The Agouti and The Brazil Nut

‘Caching’ or ‘scatter hoarding’, is when animals like birds, squirrels and other rodents store food in preparation for leaner times, sometimes in a single location, sometimes scattered around.

Michael and I have a David Attenborough DVD box set that we bought at the dump.

Once, when high, swimming in the ocean I  tried to imagine my death at the jaws of a couple of sharks. Sometimes I force myself into these games  when I’m high as a kind of test for whether it’s the anxiety inducing variety. Other times I imagine the world after or without Attenborough.

Last week we watched disc five “Private Life of Plants”.

In “Private Life of Plants” (1995) Attenborough casually wanders through the Brazilian Amazon showing examples of tropical seed dispersal. Brazil nut trees have ginormous seeds that fall from as far as 8m high.

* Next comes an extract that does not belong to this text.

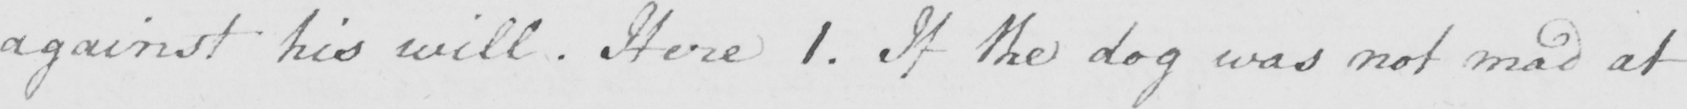What does this handwritten line say? against his will . here 1 . If the dog was not mad at 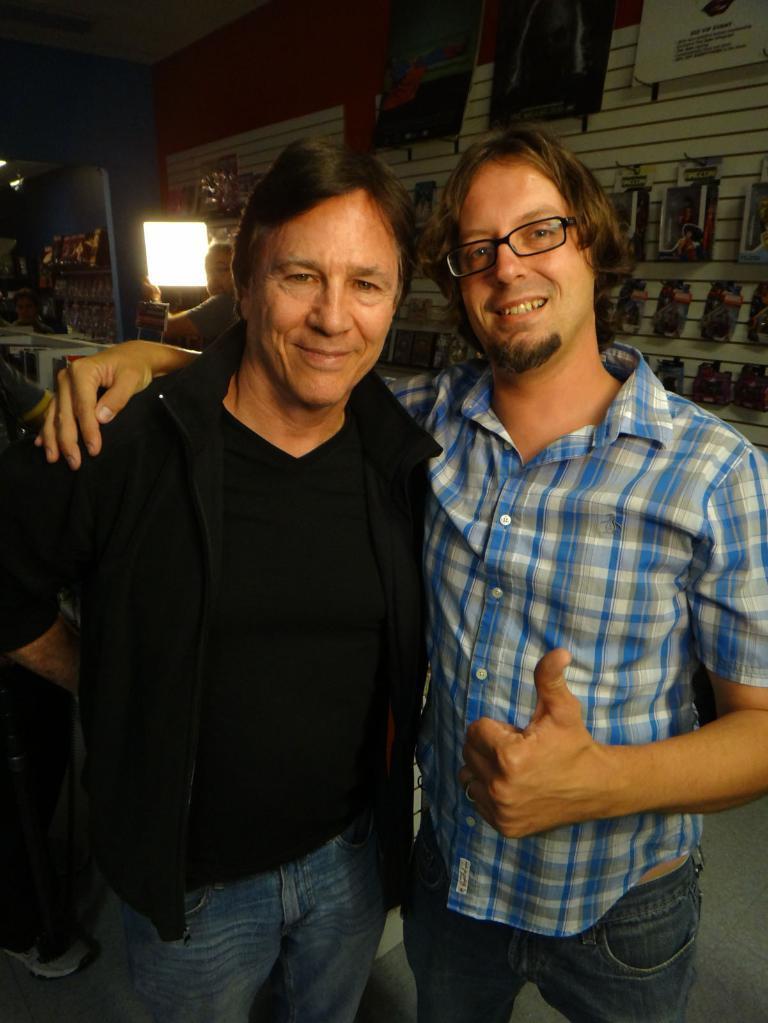Could you give a brief overview of what you see in this image? In this image we can see two persons standing, and behind them, we can see a wall.

And yet their seeds are so tough that not even a fall from that height is capable of breaking it open to scatter their seeds. Instead the tree relies upon the agouti, a small rodent not dissimilar to a pint sized capybara whose chisel sharp teeth crack open the tough husk before munching down on a few of the seeds. The brazil nut seed pods are prolifically full of nuts and afford much more than a single feed, leading the agouti to hide the remainders in dug out holes or under leaf litter.

Scatter hoarding is driven by the fear that a food stash may be dug up by other creatures. Spreading hidden food across an area prevents scavengers from happening upon the loot and cleaning it out in one hit. The breadth of the agouti’s brazil nut collection, Attenborough suggests, is unfortunately sabotaged by its poor memory. The nuts, forgotten in their storage facilities, germinate and grow into fruiting trees that in turn drop more nuts.


I find it funny that we assume animals are incapable of mirroring (or even excelling) our levels of agency and intelligence. We view ourselves at the peak of evolution, the most well formed of nature’s projects, with animals coming in a concessionary second and plants an even more more insulting third. I find it odd that we never consider that maybe  other life forms have motivations and desires that we will never be able to know or understand. Creatures who are seeing and being in the world in ways that we have neither the words nor intelligence to even comprehend. 


Is it this epistemological hierarchy that stops us from considering the agouti as small farmer rodents? What is stopping us from considering that the agouti not only has an interest in spreading the Brazil nut, but a knowledge too, of exactly what it is doing when it scrapes leftovers into a loamy hole and covers it with some twigs? Is it that animals can’t and won’t know what we do? Or shouldn’t and don’t? Because if they are us, then we are them. Monkey’s in shoes, cucumbers with anxiety and maybe that is the (brazil) nut of our desire: to disassociate. 


When we bury and hoard and scurry away we want it to be different. I wonder if the agouti knows that when we empty seed stocks onto barren ground we are setting ourselves up for failure. Could teams of agouti make documentaries about our ridiculously centralised grain storage silos —all that wheat just waiting for a rat to ransack.


I spent much of my twenties as a scatter hoarder, leaving things behind at share houses that i would struggle to part with. I wouldn’t say I’m reformed but a scarcity complex runs through my family. This was perhaps promoted and passed down by my grandmother who lived on sweet potatoes in a cave hiding from the Japanese as they invaded her home country. A tragedy made two fold when you come from a culture that prides itself on overfeeding guests. I never realised how much I had taken on this cultural practice. I’ve always considered myself someone who hates food waste but recently my boyfriend pointed out to me that I always leave a single mouthful of food on my plate. Maybe it’s epigenetic, maybe I learnt it somewhere. It’s “A mouthful for the Gods” I always tell my boyfriend when his errant fork begins stabbing at my plate.


The fridge at my parent’s place groans with food, tactfully out of earshot of the deep freezer and second fridge in the laundry. I try and deplete the fridge stocks like it’s a game. Sometimes it just involves shuffling around the containers to make things look less imposing, decanting a single fried enoki into a thimble sized container. Other times it involves eating things that are surely beyond the pale. Do agoutis know when they have too much in storage? Do they ever crack open a fresh brazil nut to experience the fresh aroma, even when the stocks are rotting in the ground? What do they feel about it, if anything? Maybe it’s a misplaced defence that I’m trying to carve out for the agouti. I don’t know why I need to believe that they haven’t forgotten where they put their brazil nuts, that they too are just scattering mouthfuls for the Gods.